To overcome this limitation, we recently developed a CP-PFM coupled model based on a unified thermodynamic framework [36] that directly considers the thermal activated kink-pair mechanism of the screw dislocation motion and the NS effect [20,37,38], and has been proven to be able to well capture the BDT of tungsten. Our previous work preliminarily demonstrated the significant influence of the NS effect on crack propagation by taking one result at 373 K as an example [36]. In the current work, systematic studies were carried out to address the NS effect on the brittle and ductile fracture behaviors of tungsten at different temperatures from the macroscopic and microscopic perspectives using our recently developed unique CP-PFM model. This study will lead to a new understanding of the correlation between screw the dislocation mobility and tungsten fracture behaviors.

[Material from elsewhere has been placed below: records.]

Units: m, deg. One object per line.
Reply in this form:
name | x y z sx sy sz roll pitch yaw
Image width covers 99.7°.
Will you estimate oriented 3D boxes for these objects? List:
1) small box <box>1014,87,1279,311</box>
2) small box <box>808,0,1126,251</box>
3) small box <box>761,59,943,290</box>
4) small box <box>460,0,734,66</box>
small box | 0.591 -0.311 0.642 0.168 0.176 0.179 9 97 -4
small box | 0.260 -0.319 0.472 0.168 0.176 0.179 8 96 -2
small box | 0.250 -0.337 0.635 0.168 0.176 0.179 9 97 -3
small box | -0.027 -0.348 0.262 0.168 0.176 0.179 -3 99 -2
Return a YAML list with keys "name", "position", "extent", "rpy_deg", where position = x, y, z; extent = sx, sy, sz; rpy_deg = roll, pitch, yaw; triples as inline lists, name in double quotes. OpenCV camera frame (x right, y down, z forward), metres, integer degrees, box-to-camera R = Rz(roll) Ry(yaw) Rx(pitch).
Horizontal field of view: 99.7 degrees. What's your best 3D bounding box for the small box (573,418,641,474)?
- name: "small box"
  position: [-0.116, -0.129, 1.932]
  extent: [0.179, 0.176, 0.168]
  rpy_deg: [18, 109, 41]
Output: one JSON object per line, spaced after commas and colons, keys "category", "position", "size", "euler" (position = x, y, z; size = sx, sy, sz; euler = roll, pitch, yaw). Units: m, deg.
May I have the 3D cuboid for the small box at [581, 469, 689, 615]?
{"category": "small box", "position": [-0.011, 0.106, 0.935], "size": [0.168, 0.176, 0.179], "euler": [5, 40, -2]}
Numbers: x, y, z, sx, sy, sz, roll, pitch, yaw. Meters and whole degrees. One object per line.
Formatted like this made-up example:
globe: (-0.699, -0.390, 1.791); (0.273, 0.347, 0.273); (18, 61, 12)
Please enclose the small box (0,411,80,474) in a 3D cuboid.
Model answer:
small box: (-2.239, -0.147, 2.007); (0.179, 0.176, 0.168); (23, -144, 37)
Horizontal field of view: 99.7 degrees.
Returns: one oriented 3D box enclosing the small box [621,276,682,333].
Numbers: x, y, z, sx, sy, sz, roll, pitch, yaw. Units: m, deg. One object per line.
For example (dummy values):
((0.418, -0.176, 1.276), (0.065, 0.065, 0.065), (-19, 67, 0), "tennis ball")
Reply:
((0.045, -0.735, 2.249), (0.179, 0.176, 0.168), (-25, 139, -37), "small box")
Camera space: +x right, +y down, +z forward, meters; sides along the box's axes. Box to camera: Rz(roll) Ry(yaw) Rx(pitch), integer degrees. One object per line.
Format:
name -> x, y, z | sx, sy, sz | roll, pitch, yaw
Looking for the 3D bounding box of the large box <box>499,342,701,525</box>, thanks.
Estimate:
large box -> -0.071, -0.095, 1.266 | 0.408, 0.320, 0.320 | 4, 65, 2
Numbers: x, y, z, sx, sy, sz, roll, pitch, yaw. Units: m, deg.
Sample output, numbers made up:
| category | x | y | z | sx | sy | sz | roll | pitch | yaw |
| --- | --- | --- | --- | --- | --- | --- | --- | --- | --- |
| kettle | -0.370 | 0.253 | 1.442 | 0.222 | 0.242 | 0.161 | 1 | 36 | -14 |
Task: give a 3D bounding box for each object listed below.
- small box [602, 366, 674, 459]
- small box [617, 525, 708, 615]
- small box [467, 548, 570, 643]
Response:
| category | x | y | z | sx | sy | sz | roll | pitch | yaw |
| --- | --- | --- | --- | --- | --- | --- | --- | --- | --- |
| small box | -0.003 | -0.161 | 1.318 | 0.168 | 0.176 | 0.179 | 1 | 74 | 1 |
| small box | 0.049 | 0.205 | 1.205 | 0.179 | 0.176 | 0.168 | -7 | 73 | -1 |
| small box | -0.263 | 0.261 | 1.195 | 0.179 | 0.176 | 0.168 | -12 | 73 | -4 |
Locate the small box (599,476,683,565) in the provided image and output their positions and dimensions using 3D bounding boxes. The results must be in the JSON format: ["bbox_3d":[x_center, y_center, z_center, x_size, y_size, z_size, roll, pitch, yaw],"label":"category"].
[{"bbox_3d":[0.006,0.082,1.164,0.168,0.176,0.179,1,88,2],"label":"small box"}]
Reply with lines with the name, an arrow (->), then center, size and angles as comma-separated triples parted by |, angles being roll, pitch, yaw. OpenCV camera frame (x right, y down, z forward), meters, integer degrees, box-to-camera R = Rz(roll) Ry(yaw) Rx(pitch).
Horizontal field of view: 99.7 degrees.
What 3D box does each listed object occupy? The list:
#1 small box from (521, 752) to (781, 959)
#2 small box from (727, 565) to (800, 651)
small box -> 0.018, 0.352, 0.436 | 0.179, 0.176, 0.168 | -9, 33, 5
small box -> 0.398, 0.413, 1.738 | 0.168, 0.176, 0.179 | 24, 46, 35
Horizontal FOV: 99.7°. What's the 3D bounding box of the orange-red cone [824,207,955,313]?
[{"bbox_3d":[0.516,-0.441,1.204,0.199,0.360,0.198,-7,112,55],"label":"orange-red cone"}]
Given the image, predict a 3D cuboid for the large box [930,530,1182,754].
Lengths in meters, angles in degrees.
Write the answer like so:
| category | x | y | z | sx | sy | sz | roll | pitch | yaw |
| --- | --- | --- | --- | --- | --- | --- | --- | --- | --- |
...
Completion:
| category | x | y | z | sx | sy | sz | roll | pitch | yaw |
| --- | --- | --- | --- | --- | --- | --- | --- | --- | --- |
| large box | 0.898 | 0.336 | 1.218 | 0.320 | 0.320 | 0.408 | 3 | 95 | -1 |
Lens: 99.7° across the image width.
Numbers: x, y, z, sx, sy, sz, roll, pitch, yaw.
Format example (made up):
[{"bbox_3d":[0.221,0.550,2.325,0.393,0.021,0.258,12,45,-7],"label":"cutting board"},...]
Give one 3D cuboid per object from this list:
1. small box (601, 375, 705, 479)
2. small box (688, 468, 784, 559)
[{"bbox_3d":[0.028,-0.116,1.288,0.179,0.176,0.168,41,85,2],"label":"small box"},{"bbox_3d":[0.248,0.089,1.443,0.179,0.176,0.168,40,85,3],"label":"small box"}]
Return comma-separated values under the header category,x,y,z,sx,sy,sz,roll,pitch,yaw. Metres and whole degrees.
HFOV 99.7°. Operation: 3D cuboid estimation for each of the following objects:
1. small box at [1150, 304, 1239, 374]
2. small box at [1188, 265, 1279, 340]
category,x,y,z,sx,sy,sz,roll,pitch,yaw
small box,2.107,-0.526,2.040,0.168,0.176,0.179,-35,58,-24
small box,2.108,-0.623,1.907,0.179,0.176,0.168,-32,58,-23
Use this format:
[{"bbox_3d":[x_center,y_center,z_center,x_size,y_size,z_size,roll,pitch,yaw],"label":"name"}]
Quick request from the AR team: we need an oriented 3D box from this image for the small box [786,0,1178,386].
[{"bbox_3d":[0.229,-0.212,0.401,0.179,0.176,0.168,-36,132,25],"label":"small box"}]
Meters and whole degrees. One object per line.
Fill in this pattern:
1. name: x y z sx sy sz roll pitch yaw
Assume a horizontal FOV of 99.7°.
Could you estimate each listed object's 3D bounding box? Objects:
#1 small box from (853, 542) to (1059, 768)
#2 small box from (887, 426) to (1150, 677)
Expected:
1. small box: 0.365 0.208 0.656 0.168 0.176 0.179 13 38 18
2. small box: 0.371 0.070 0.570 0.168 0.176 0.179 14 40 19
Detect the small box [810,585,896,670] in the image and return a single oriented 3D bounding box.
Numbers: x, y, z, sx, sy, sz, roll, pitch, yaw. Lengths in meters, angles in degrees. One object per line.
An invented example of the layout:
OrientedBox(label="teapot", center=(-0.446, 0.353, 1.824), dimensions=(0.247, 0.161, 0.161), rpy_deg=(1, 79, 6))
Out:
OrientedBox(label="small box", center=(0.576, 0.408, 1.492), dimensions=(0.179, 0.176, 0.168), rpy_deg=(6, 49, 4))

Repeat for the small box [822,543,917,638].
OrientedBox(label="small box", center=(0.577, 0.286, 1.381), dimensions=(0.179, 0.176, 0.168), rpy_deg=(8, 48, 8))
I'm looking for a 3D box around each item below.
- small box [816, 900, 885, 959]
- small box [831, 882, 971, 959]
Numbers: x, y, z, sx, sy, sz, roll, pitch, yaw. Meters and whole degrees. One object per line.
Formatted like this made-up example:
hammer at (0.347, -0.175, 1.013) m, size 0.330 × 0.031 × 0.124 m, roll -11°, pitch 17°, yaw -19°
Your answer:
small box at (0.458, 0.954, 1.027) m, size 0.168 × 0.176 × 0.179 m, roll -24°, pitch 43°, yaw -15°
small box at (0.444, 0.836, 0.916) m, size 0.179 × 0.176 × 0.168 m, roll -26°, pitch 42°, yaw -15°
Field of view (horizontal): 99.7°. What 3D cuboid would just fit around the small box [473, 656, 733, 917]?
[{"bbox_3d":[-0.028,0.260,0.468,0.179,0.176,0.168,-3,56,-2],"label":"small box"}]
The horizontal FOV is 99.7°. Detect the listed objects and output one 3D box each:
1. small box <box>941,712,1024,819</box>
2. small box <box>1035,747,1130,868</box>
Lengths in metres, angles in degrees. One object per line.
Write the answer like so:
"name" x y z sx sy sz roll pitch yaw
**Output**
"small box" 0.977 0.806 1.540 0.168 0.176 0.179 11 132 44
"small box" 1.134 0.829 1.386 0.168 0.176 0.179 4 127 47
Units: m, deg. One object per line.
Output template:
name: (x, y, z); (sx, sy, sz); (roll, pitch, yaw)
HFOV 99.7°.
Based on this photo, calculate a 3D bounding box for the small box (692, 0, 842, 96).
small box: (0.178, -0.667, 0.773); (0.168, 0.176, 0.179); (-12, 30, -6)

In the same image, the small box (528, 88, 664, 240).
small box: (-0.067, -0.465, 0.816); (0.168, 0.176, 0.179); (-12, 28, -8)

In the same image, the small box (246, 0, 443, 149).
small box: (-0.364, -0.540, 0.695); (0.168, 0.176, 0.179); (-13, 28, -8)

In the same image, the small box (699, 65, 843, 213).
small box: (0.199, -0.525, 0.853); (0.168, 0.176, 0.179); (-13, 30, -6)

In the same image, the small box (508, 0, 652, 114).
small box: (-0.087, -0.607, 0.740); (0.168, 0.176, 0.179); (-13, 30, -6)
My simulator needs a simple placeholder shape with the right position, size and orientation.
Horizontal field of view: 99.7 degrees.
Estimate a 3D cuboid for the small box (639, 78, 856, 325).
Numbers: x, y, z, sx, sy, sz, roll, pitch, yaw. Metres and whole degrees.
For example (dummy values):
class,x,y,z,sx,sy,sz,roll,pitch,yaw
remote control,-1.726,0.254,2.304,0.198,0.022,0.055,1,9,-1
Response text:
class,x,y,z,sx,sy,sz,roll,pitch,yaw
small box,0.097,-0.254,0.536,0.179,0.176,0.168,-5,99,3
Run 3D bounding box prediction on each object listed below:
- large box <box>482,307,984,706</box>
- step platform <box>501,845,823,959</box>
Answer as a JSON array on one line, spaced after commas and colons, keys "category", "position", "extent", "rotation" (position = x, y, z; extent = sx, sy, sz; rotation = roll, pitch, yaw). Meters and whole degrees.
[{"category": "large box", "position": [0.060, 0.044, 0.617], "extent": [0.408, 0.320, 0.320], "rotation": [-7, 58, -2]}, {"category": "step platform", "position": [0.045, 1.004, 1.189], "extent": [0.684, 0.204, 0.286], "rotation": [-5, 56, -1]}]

2. Coupled Crystal-Plasticity and Phase-Field Model

In our previous work [36], the coupled crystal-plasticity and phase-field model (CP-PFM) was developed to simulate the fracture behavior of tungsten at different temperatures, which involves the evolution of the displacement, temperature, and discrete cracks. In the proposed CP-PFM model, the CP model was adopted to describe the plastic deformation at the macro scale based on the information of dislocation motion at the micro scale, thus accurately describing the special plastic features of tungsten including the temperature dependence and NS effect. The PFM model was used to describe the evolution of the discrete crack topology using the continuous damage variable. The detailed information of the CP-PFM model has been provided in our previous work [36]. In the following, only some key features of this model are briefly introduced.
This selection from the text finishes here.